Scan the entries below for the word "Esmeijerstraat", then copy each line that holds it.

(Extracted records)
^^^^^^^^^^^^^^^^
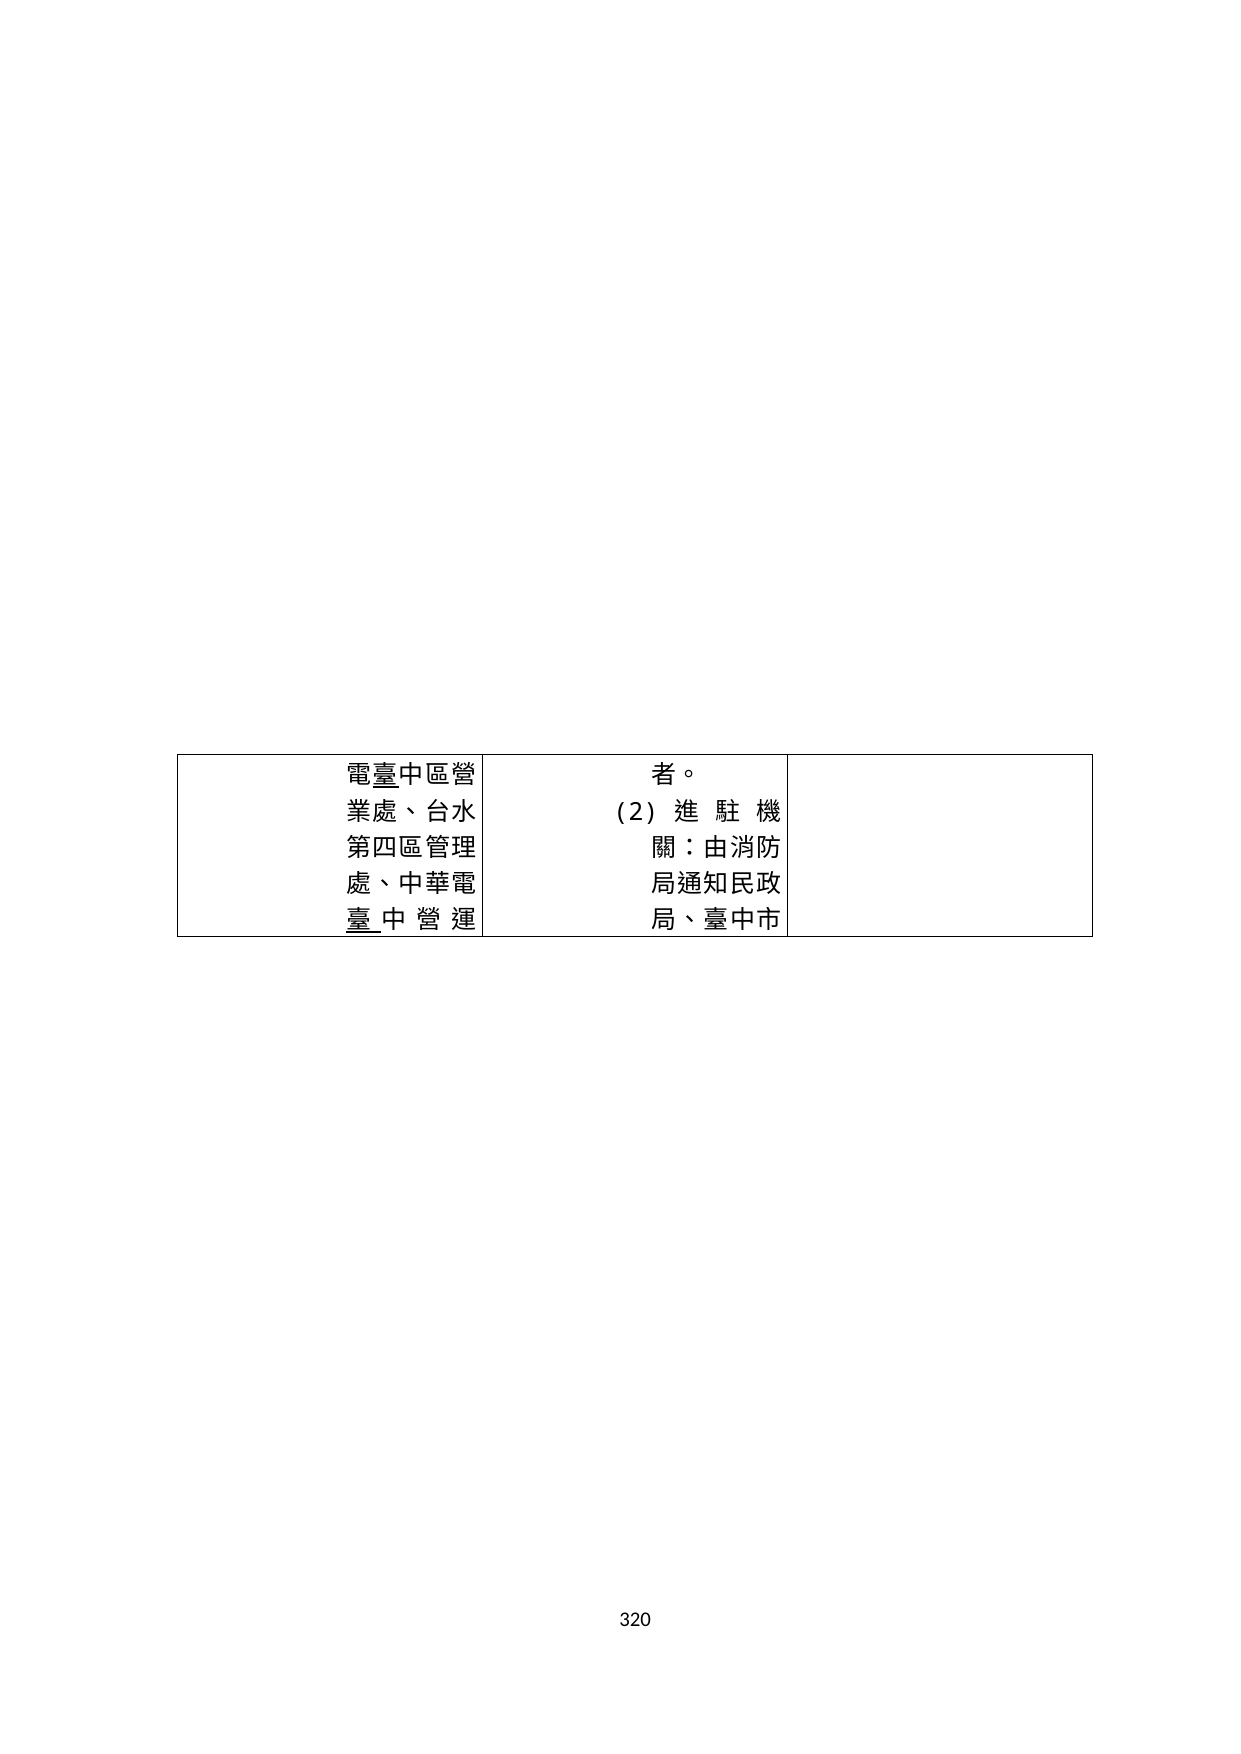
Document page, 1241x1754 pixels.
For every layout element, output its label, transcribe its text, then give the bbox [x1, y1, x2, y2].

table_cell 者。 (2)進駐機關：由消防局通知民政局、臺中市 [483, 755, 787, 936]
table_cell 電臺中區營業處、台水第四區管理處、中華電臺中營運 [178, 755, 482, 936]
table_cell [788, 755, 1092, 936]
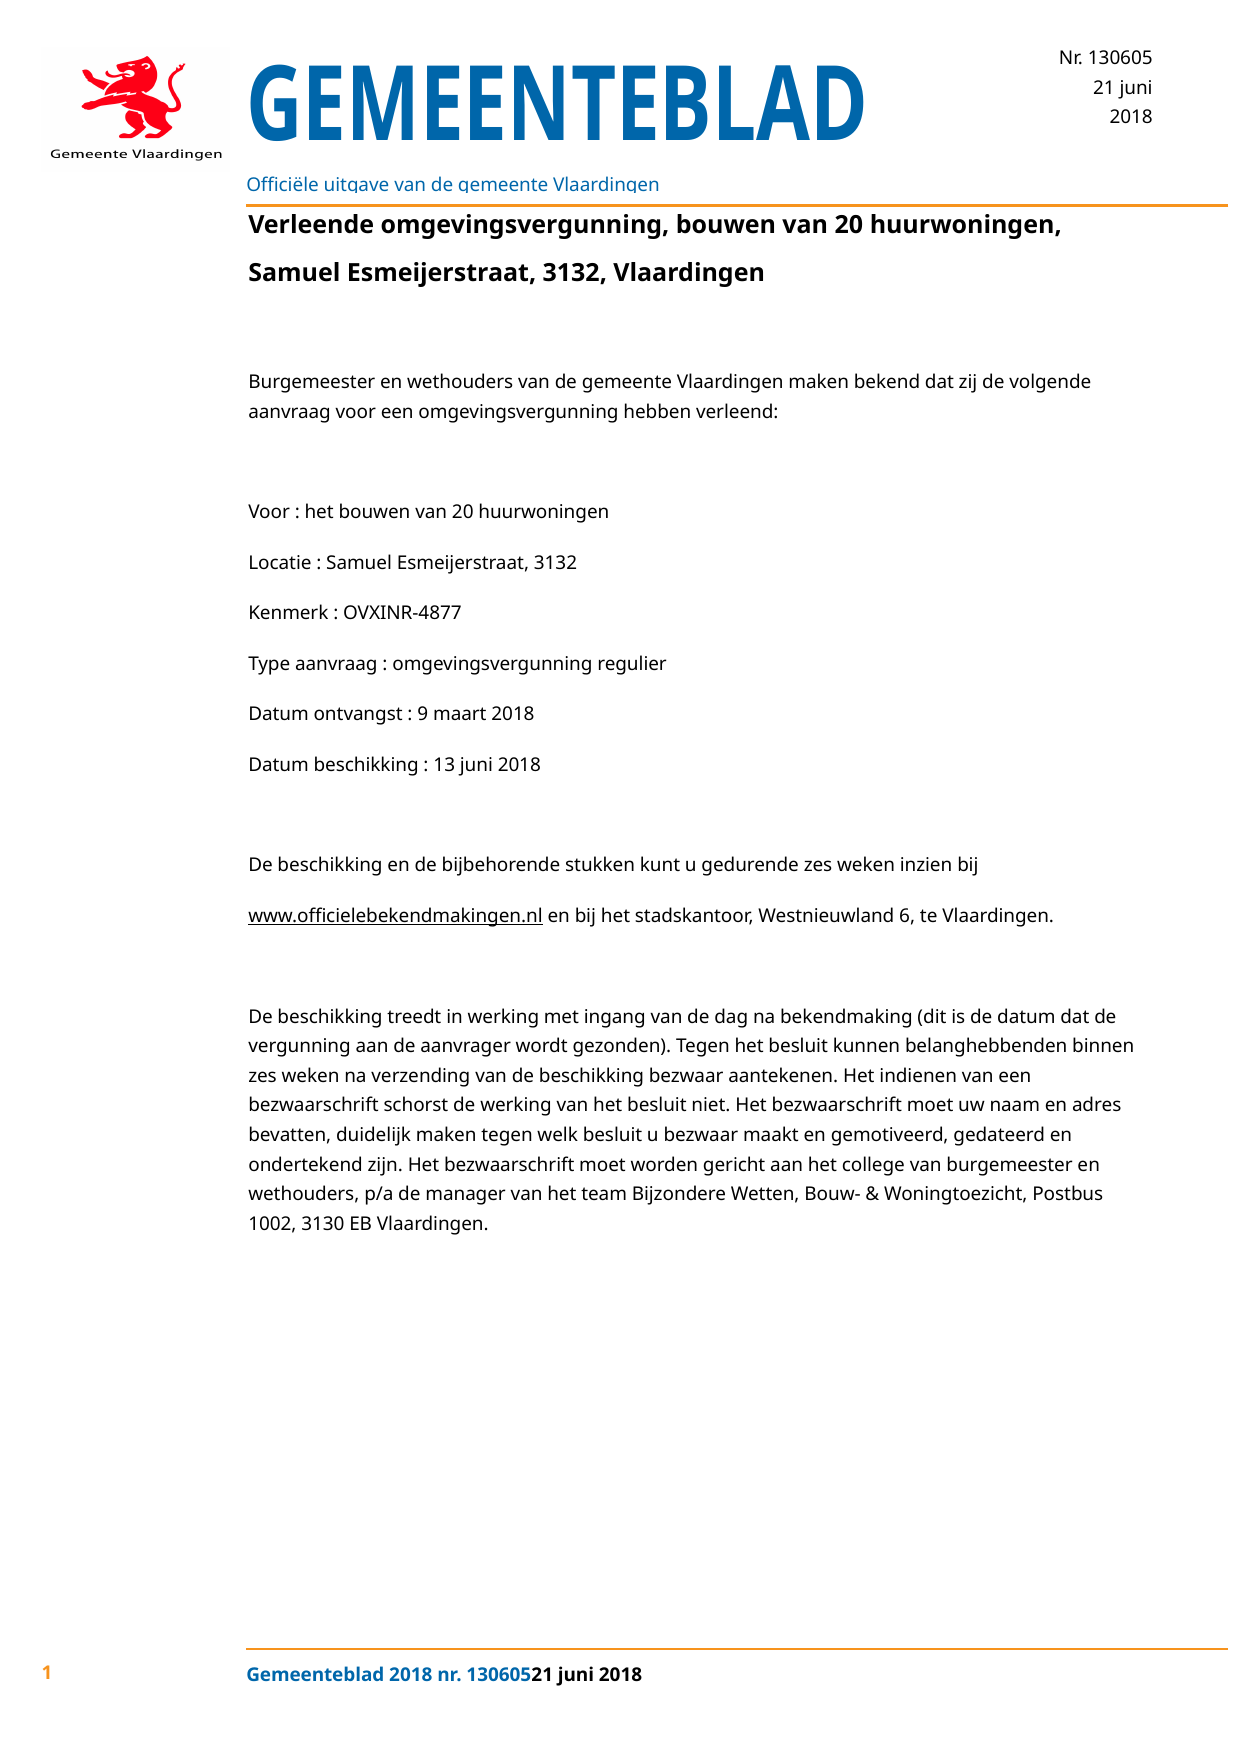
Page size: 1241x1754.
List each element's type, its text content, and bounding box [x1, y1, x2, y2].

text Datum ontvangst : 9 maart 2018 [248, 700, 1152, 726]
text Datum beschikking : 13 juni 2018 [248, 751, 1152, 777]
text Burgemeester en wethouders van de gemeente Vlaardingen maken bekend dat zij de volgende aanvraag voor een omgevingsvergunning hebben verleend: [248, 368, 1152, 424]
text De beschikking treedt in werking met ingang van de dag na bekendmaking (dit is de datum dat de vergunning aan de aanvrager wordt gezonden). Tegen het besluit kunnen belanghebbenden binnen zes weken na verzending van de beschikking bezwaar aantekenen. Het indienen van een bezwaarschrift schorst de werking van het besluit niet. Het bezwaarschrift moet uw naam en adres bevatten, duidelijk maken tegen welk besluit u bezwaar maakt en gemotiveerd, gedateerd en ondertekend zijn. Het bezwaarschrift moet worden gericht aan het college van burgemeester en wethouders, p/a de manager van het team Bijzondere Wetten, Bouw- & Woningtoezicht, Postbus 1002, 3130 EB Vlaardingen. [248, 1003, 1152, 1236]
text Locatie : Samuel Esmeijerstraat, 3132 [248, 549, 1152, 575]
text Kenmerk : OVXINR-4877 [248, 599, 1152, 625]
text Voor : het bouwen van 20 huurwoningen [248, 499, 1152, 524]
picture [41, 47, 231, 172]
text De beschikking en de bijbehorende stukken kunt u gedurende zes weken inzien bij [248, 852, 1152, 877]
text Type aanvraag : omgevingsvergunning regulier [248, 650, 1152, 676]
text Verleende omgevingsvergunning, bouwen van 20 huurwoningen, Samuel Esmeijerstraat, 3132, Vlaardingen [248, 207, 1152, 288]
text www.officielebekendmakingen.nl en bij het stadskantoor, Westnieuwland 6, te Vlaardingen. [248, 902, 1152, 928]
^^^^^^^^^^^^^^^^
TASK OUTPUT:
text Locatie : Samuel Esmeijerstraat, 3132 [248, 549, 1152, 575]
text Verleende omgevingsvergunning, bouwen van 20 huurwoningen, Samuel Esmeijerstraat, 3132, Vlaardingen [248, 207, 1152, 288]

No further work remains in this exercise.